#### What is being asked
Gather all lines in the entries that include the word "Border".

#### Working data
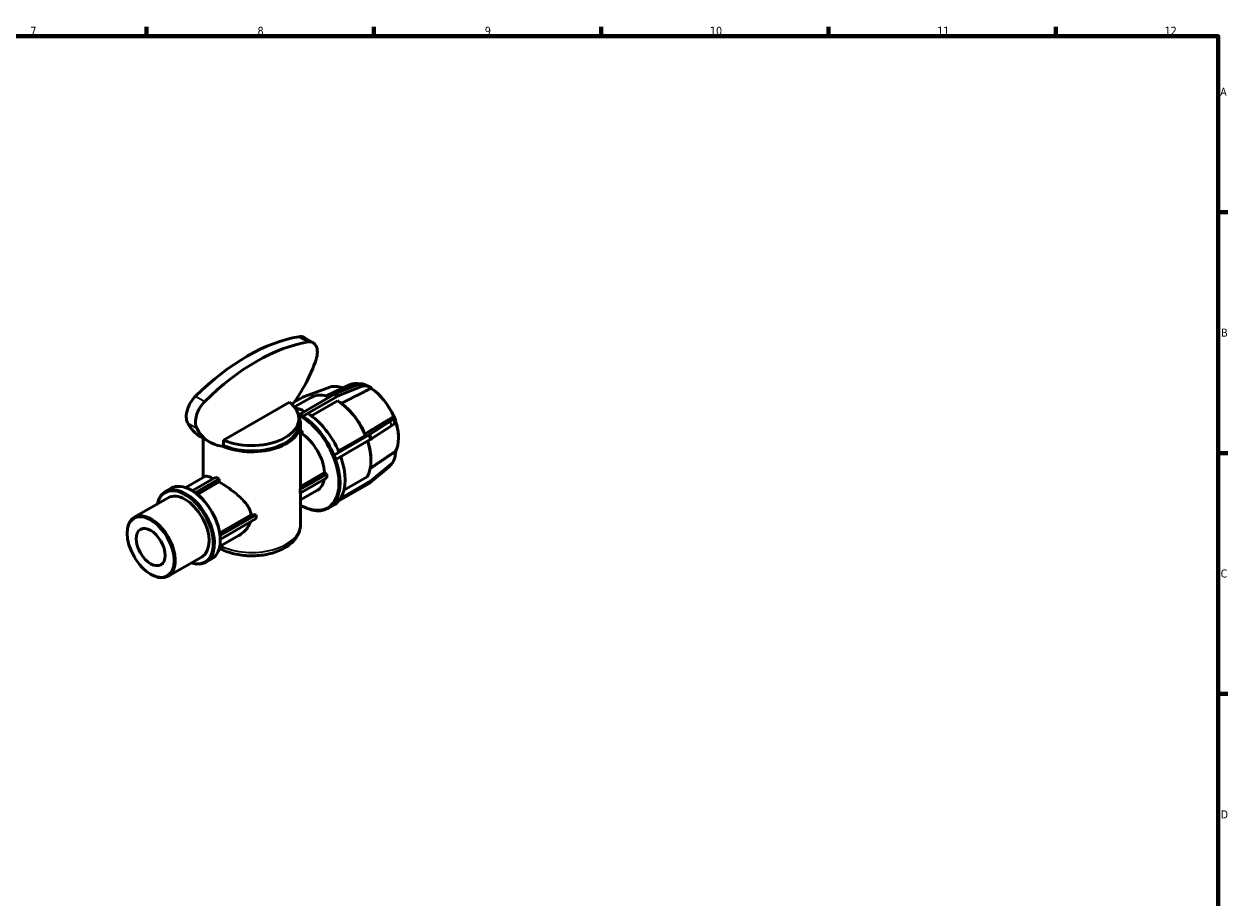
# Model space of a CAD drawing. Header units: millimetres. Extents: x 0 to 906, y 0 to 594.
# Tile 4 of 4: x 453 to 824, y 308 to 578. Entities that reach past the tile are written whole.
import ezdxf

# ---------------------------------------------------------------- set-up
doc = ezdxf.new("R2010")
doc.units = ezdxf.units.MM
for name, color, linetype, lineweight in [('Border (ISO)', 7, 'Continuous', 70), ('Visible (ISO)', 7, 'Continuous', 50), ('Visible Narrow (ISO)', 7, 'Continuous', 35)]:
    doc.layers.add(name, color=color, linetype=linetype, lineweight=lineweight)
doc.styles.add('Note Text (ISO)', font='tahoma.ttf')

# ---------------------------------------------------------------- blocks, each defined once
blk = doc.blocks.new('Borders Default Border')
at = {"layer": 'Border (ISO)'}
for p, q in [((490.58, 574), (490.58, 576.9)), ((560.67, 574), (560.67, 576.9)), ((630.75, 574), (630.75, 576.9)), ((700.83, 574), (700.83, 576.9)), ((770.92, 574), (770.92, 576.9)), ((821, 519.75), (823.9, 519.75)), ((821, 445.5), (823.9, 445.5)), ((821, 371.25), (823.9, 371.25))]:
    blk.add_line(p, q, dxfattribs=at)
at = {"layer": 'Border (ISO)', "flags": 128}
blk.add_lwpolyline([(20, 20), (20, 574), (821, 574), (821, 20), (20, 20)], dxfattribs=at)
at = {"layer": 'Border (ISO)', "color": 232, "true_color": 0xca0064, "char_height": 2.5, "attachment_point": 7, "style": 'Note Text (ISO)'}
for s, insert in [('7', (454.77, 574.4)), ('8', (524.81, 574.34)), ('9', (594.88, 574.35)), ('10', (664.29, 574.35)), ('11', (734.37, 574.4)), ('12', (804.46, 574.4)), ('A', (821.59, 555.62)), ('B', (821.89, 481.37)), ('C', (821.73, 407.08)), ('D', (821.73, 332.88))]:
    blk.add_mtext(s, dxfattribs=dict(at, insert=insert))

msp = doc.modelspace()

# ---------------------------------------------------------------- linework, layer by layer
at = {"layer": 'Visible (ISO)'}
for p, q in [((539.156, 481.13), (541.984, 479.501)), ((547.098, 465.813), (539.275, 462.932)), ((553.155, 466.541), (546.099, 463.124)), ((548.873, 463.812), (555.803, 466.611)), ((551.274, 465.63), (549.485, 465.97)), ((556.843, 466.012), (549.912, 463.213)), ((557.521, 466.706), (558.908, 466.16)), ((559.947, 465.561), (558.56, 466.108)), ((559.947, 465.561), (558.908, 466.16)), ((560.013, 465.301), (559.852, 465.406)), ((559.947, 465.343), (559.947, 465.561)), ((514.306, 449.489), (534.616, 461.185)), ((538.732, 462.679), (536.072, 461.147)), ((536.172, 459.7), (541.331, 462.671)), ((537.715, 457.43), (548.363, 463.562)), ((549.403, 462.963), (538.754, 456.831)), ((549.486, 461.607), (541.421, 456.963)), ((549.659, 461.506), (549.486, 461.607)), ((537.541, 457.13), (537.715, 457.43)), ((538.581, 456.531), (537.541, 457.13)), ((537.541, 457.117), (537.541, 457.13)), ((537.715, 457.43), (538.754, 456.831)), ((538.754, 456.831), (538.581, 456.531)), ((538.754, 456.818), (538.581, 456.518)), ((538.581, 456.531), (538.581, 456.518)), ((540.313, 457.716), (538.754, 456.818)), ((566.596, 456.116), (566.975, 456.822)), ((566.798, 456.722), (566.812, 456.807)), ((566.975, 456.822), (566.812, 456.807)), ((567.495, 455.482), (566.975, 456.822)), ((537.547, 454.516), (537.547, 456.151)), ((538.047, 454.516), (538.047, 435.087)), ((559.51, 451.279), (565.548, 455.188)), ((566.068, 453.848), (560.03, 449.939)), ((567.495, 455.482), (567.116, 454.776)), ((510.125, 448.837), (507.297, 450.466)), ((508.047, 450.034), (508.047, 437.939)), ((514.306, 447.854), (514.306, 449.489)), ((538.047, 452.563), (538.581, 452.256)), ((538.581, 452.256), (538.047, 451.948)), ((538.581, 451.378), (538.047, 451.07)), ((538.581, 452.256), (538.581, 451.378)), ((548.385, 444.856), (559.033, 450.989)), ((559.553, 449.648), (548.904, 443.516)), ((549.761, 446.158), (558.064, 450.94)), ((558.064, 450.94), (558.087, 451.026)), ((568.253, 450.991), (568.263, 450.8)), ((513.854, 447.594), (513.949, 447.648)), ((514.306, 447.854), (513.949, 447.648)), ((548.375, 444.856), (549.934, 445.753)), ((567.116, 444.047), (567.495, 446.099)), ((567.495, 446.099), (567.421, 446.191)), ((548.052, 444.742), (548.375, 444.856)), ((548.052, 444.742), (548.061, 444.743)), ((548.061, 444.743), (548.385, 444.856)), ((548.581, 443.403), (548.061, 444.743)), ((548.385, 444.856), (548.904, 443.516)), ((548.581, 443.403), (548.571, 443.402)), ((548.904, 443.516), (548.581, 443.403)), ((559.785, 443.381), (559.785, 443.182)), ((560.03, 437.125), (566.068, 442.226)), ((566.083, 442.069), (566.603, 442.81)), ((502.671, 434.843), (508.59, 438.252)), ((504.641, 433.908), (511.933, 438.107)), ((537.985, 434.303), (546.211, 439.04)), ((538.047, 435.213), (545.451, 439.477)), ((545.451, 439.477), (546.211, 439.04)), ((546.211, 439.04), (546.211, 437.838)), ((551.455, 434.041), (558.584, 438.147)), ((565.548, 441.484), (559.51, 436.384)), ((496.369, 433.632), (498.144, 434.654)), ((512.973, 437.509), (505.62, 433.275)), ((512.973, 436.631), (506.278, 432.776)), ((512.973, 437.509), (512.973, 436.631)), ((546.211, 437.838), (537.985, 433.102)), ((537.985, 433.102), (537.985, 434.303)), ((559.033, 436.049), (548.385, 429.917)), ((548.904, 430.659), (559.553, 436.791)), ((486.808, 425.708), (497.241, 431.717)), ((504.625, 433.918), (504.452, 434.018)), ((538.047, 431.034), (543.29, 434.053)), ((538.047, 433.137), (538.047, 423.492)), ((548.061, 430.004), (548.581, 430.746)), ((548.904, 430.659), (548.385, 429.917)), ((548.571, 430.758), (548.581, 430.746)), ((548.571, 430.758), (548.895, 430.671)), ((548.581, 430.746), (548.904, 430.659)), ((548.895, 430.671), (550.454, 431.569)), ((538.047, 429.443), (538.581, 429.135)), ((538.754, 429.035), (538.047, 429.442)), ((538.581, 429.148), (538.581, 429.135)), ((538.581, 429.148), (538.754, 429.048)), ((538.581, 429.135), (538.754, 429.035)), ((538.754, 429.035), (538.766, 429.041)), ((546.718, 428.5), (548.277, 429.398)), ((548.061, 430.004), (548.052, 430.016)), ((548.385, 429.917), (548.061, 430.004)), ((513.145, 420.874), (522.829, 426.45)), ((513.248, 420.058), (524.408, 426.485)), ((524.408, 425.283), (513.308, 418.891)), ((524.408, 426.485), (524.408, 425.283)), ((484.628, 420.696), (484.628, 420.895)), ((513.128, 416.684), (519.047, 420.092)), ((513.309, 418.839), (513.309, 418.639)), ((497.265, 407.549), (507.699, 413.557)), ((508.918, 411.841), (510.692, 412.863)), ((491.835, 408.18), (492.008, 408.079))]:
    msp.add_line(p, q, dxfattribs=at)
for centre, major_axis, ratio, start_param, end_param in [((521.633, 420.051), (33.761, 58.627), 0.5780931, 0.444425, 1.1225039), ((524.461, 418.423), (33.761, 58.627), 0.5780931, 0.444425, 1.1225039), ((536.105, 475.832), (3.051, 5.298), 0.5780931, 0, 0.444425), ((538.933, 474.203), (3.051, 5.298), 0.5780931, 5.0565936, 6.7276104), ((524.461, 473.732), (-14.336, -24.894), 0.5780931, 1.3593998, 1.915001), ((549.556, 461.829), (4.013, -2.812), 0.7877574, 2.0908806, 2.6413722), ((559.254, 455.337), (-6.37, 11.061), 0.5780931, 5.7902993, 6.241785), ((555.294, 462.355), (2.445, 4.246), 0.5780931, 0.0853328, 0.6358243), ((556.333, 461.757), (2.445, 4.246), 0.5780931, 0.0853328, 0.6358243), ((559.254, 455.337), (6.37, -11.061), 0.5780931, 1.368545, 2.3005138), ((559.427, 455.437), (-6.24, 10.837), 0.5780931, 4.5113337, 5.4335053), ((507.16, 459.164), (-3.051, -5.298), 0.5780931, 4.2640965, 5.9351132), ((509.989, 457.536), (-3.051, -5.298), 0.5780931, 4.2640965, 5.9351132), ((523.047, 456.151), (14.5, 0), 0.5758617, 4.065363, 6.9302113), ((541.733, 458.948), (-4.013, 2.812), 0.7877574, 5.7829648, 5.930605), ((548.966, 449.412), (-7.635, 13.259), 0.5780931, 5.6757159, 6.2831853), ((548.363, 459.556), (-2.445, -4.246), 0.5780931, 3.7774169, 3.9250571), ((549.403, 458.957), (2.445, 4.246), 0.5780931, 0.6358243, 0.7834645), ((548.966, 449.412), (7.635, -13.259), 0.5780931, 1.3589884, 2.3100705), ((549.139, 449.512), (-7.513, 13.046), 0.5780931, 4.5013637, 5.4508804), ((523.047, 454.516), (15, 0), 0.5758617, 4.0607224, 6.5543001), ((539.793, 444.13), (8.484, -14.732), 0.5780931, 2.4023598, 2.6451903), ((538.234, 443.232), (-8.484, 14.732), 0.5780931, 5.543449, 5.57568), ((538.061, 443.132), (8.361, -14.52), 0.5780931, 2.4020098, 2.4106989), ((538.061, 443.132), (8.361, -14.52), 0.5780931, 1.3548122, 2.3142466), ((538.234, 443.232), (-8.484, 14.732), 0.5780931, 4.4957721, 5.4564721), ((539.793, 444.13), (8.484, -14.732), 0.5780931, 1.3541794, 2.3148794), ((521.633, 475.36), (-14.336, -24.894), 0.5780931, 5.9351132, 6.2831853), ((524.461, 473.732), (-14.336, -24.894), 0.5780931, 5.9351132, 6.5172753), ((523.047, 454.516), (14.5, 0), 0.5758617, 4.065363, 6.2831853), ((562.07, 454.623), (4.568, 1.772), 0.2096643, 5.4926175, 6.043109), ((562.59, 453.283), (4.568, 1.772), 0.2096643, 5.4926175, 6.043109), ((559.254, 455.337), (6.37, -11.061), 0.5780931, 0.3213475, 1.2412828), ((559.427, 455.437), (-6.24, 10.837), 0.5780931, 3.9912726, 4.3782385), ((538.061, 443.132), (5.229, -9.08), 0.5780931, 0.8575399, 2.2879202), ((548.966, 449.412), (7.635, -13.259), 0.5780931, 0.3117908, 1.2324506), ((549.139, 449.512), (-7.513, 13.046), 0.5780931, 3.9289245, 4.3683111), ((556.033, 450.713), (-4.568, -1.772), 0.2096643, 2.2033847, 2.3510248), ((556.552, 449.373), (4.568, 1.772), 0.2096643, 5.3449773, 5.4926175), ((538.061, 443.132), (8.361, -14.52), 0.5780931, 0.3076147, 1.2670491), ((538.234, 443.232), (8.484, -14.732), 0.5780931, 0.3069819, 1.2675373), ((539.793, 444.13), (8.484, -14.732), 0.5780931, 0.3069819, 1.2674301), ((562.07, 444.881), (4.013, -2.812), 0.7877574, 6.0782452, 6.2831853), ((562.59, 445.623), (4.013, -2.812), 0.7877574, 6.0782452, 6.6287367), ((523.047, 443.909), (15, 0), 0.5758617, 3.8779712, 3.9760104), ((502.643, 422.737), (6.274, -10.896), 0.5780931, 5.6974998, 10.0104635), ((502.47, 422.637), (-6.152, 10.683), 0.5780931, 2.5865815, 6.8381965), ((504.418, 423.759), (-6.274, 10.896), 0.5780931, 3.1415927, 6.2831853), ((523.047, 435.087), (15, 0), 0.5758617, 6.1923243, 6.2831853), ((538.061, 443.132), (5.229, -9.08), 0.5780931, 0, 0.5988019), ((556.033, 439.78), (4.013, -2.812), 0.7877574, 5.930605, 6.0782452), ((556.552, 440.522), (4.013, -2.812), 0.7877574, 5.930605, 6.0782452), ((502.47, 422.637), (-5.229, 9.08), 0.5780931, 3.1415927, 6.2831853), ((504.591, 423.858), (-6.152, 10.683), 0.5780931, 3.9289245, 5.4958534), ((539.793, 444.13), (8.484, -14.732), 0.5780931, 0, 0.2163178), ((538.061, 443.132), (8.361, -14.52), 0.5780931, 5.5436024, 6.5030368), ((538.234, 443.232), (8.484, -14.732), 0.5780931, 5.5429696, 6.5026948), ((492.037, 416.629), (5.229, -9.08), 0.5780931, 5.4958534, 10.2121098), ((523.047, 435.087), (15, 0), 0.5758617, 4.6978882, 4.80325)]:
    msp.add_ellipse(centre, major_axis=major_axis, ratio=ratio, start_param=start_param, end_param=end_param, dxfattribs=at)
for major_axis in [(-5.106, 8.867), (-3.142, 5.456)]:
    msp.add_ellipse((491.863, 416.529), major_axis=major_axis, ratio=0.5780931, dxfattribs=at)
for points, weights in [([(559.774, 465.456), (555.346, 463.205), (550.655, 460.821)], [1, 1.00045607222, 1.00008731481]), ([(557.932, 451.387), (562.495, 454.133), (566.798, 456.722)], [1.00006951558, 1.00046679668, 1]), ([(559.562, 440.785), (563.54, 443.462), (567.318, 446.005)], [1.0001536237, 1.00040982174, 1])]:
    msp.add_rational_spline(points, weights, degree=2, dxfattribs=at)
for points, knots in [([(511.137, 437.648), (510.695, 437.867), (510.296, 438.041), (509.307, 438.386), (508.864, 438.41), (508.59, 438.252)], [1.84903126, 1.84903126, 1.84903126, 1.84903126, 2.06379848, 2.06379848, 2.47202675, 2.47202675, 2.47202675, 2.47202675]), ([(522.829, 426.45), (522.785, 426.82), (522.7, 427.189), (522.385, 428.12), (522.102, 428.676), (521.05, 430.293), (520.073, 431.311), (518.068, 433.107), (516.891, 434.017), (514.767, 435.511), (513.816, 436.126), (512.973, 436.631)], [0.0732934, 0.0732934, 0.0732934, 0.0732934, 0.2081416, 0.2081416, 0.4162832, 0.4162832, 0.8325665, 0.8325665, 1.2429771, 1.2429771, 1.5803472, 1.5803472, 1.5803472, 1.5803472]), ([(538.047, 423.492), (538.047, 422.547), (537.838, 421.605), (537.043, 419.791), (536.428, 418.933), (534.793, 417.285), (533.716, 416.533), (531.218, 415.252), (529.774, 414.743), (526.729, 414.044), (525.13, 413.852), (521.929, 413.789), (520.328, 413.915), (517.249, 414.48), (515.773, 414.92), (513.943, 415.726), (513.473, 415.962), (513.023, 416.218)], [0.7853982, 0.7853982, 0.7853982, 0.7853982, 1.0325316, 1.0325316, 1.3045487, 1.3045487, 1.6286052, 1.6286052, 1.9765688, 1.9765688, 2.3220414, 2.3220414, 2.6647999, 2.6647999, 3.0094039, 3.0094039, 3.1348364, 3.1348364, 3.1348364, 3.1348364]), ([(519.047, 420.092), (519.052, 420.095), (519.058, 420.099), (520.073, 420.686), (521.05, 421.538), (522.102, 423.05), (522.385, 423.592), (522.587, 424.182), (522.598, 424.214), (522.608, 424.247)], [5.77880236, 5.77880236, 5.77880236, 5.77880236, 5.78098477, 5.78098477, 6.197268, 6.197268, 6.40540961, 6.40540961, 6.41741104, 6.41741104, 6.41741104, 6.41741104])]:
    msp.add_open_spline(points, degree=3, knots=knots, dxfattribs=at)
at = {"layer": 'Visible Narrow (ISO)'}
for p, q in [((537.542, 481.374), (540.371, 479.745)), ((555.803, 466.611), (556.843, 466.012)), ((558.56, 466.108), (557.521, 466.706)), ((505.723, 463.05), (508.551, 461.421)), ((548.363, 463.562), (549.403, 462.963)), ((549.912, 463.213), (548.873, 463.812)), ((503.248, 454.786), (506.076, 453.157)), ((565.548, 455.188), (566.068, 453.848)), ((567.116, 454.776), (566.596, 456.116)), ((559.033, 450.989), (559.553, 449.648)), ((560.03, 449.939), (559.51, 451.279)), ((566.068, 442.226), (565.548, 441.484)), ((559.553, 436.791), (559.033, 436.049)), ((559.51, 436.384), (560.03, 437.125))]:
    msp.add_line(p, q, dxfattribs=at)
msp.add_ellipse((523.047, 423.492), major_axis=(15, 0), ratio=0.5758617, start_param=4.0168917, end_param=6.2831853, dxfattribs=at)

# ---------------------------------------------------------------- block references
msp.add_blockref('Borders Default Border', (0, 0))

doc.saveas('drawing.dxf')

#### Task response
for name, color, linetype, lineweight in [('Border (ISO)', 7, 'Continuous', 70), ('Visible (ISO)', 7, 'Continuous', 50), ('Visible Narrow (ISO)', 7, 'Continuous', 35)]:
blk = doc.blocks.new('Borders Default Border')
at = {"layer": 'Border (ISO)'}
at = {"layer": 'Border (ISO)', "flags": 128}
at = {"layer": 'Border (ISO)', "color": 232, "true_color": 0xca0064, "char_height": 2.5, "attachment_point": 7, "style": 'Note Text (ISO)'}
msp.add_blockref('Borders Default Border', (0, 0))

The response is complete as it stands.